- _What you need to do_: Those lines of the records that contain "image" are to be located and copied.
*** Recorded information ***
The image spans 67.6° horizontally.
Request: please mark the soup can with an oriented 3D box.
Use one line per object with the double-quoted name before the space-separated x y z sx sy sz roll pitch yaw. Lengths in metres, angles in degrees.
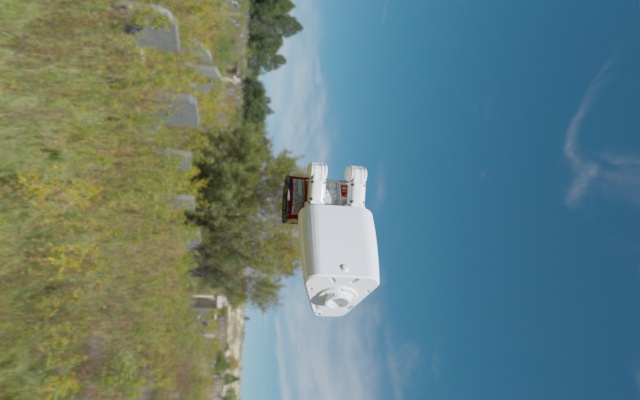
"soup can" 0.000 0.002 0.673 0.102 0.068 0.068 4 -1 -10
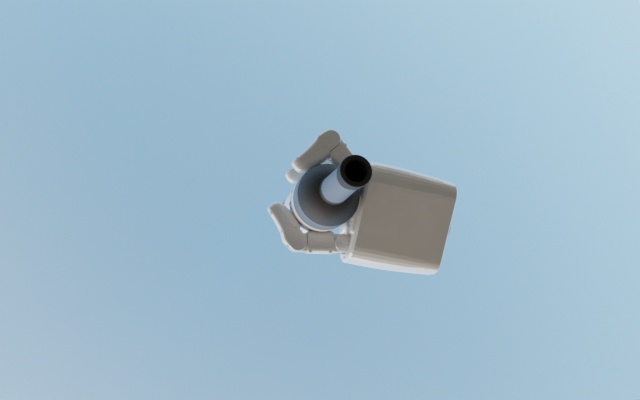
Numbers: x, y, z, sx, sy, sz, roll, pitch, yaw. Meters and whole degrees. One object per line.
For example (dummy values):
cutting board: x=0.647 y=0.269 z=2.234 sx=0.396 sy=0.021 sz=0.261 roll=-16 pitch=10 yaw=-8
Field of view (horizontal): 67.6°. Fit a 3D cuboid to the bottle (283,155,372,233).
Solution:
bottle: x=0.000 y=0.002 z=0.526 sx=0.069 sy=0.069 sz=0.296 roll=0 pitch=-10 yaw=-11
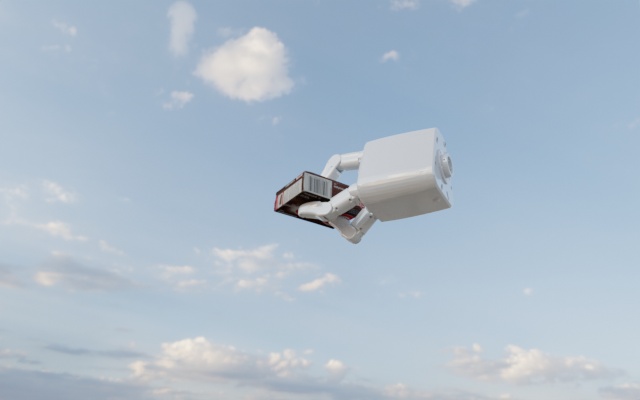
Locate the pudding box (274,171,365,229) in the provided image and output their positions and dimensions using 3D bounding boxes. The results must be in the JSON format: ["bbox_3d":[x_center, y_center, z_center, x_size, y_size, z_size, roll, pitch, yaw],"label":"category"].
*** End of Recorded information ***
- _Answer box_:
The image spans 67.6° horizontally.
Locate the pudding box (274,171,365,229) in the provided image and output their positions and dimensions using 3D bounding boxes. The results must be in the JSON format: ["bbox_3d":[x_center, y_center, z_center, x_size, y_size, z_size, roll, pitch, yaw],"label":"category"].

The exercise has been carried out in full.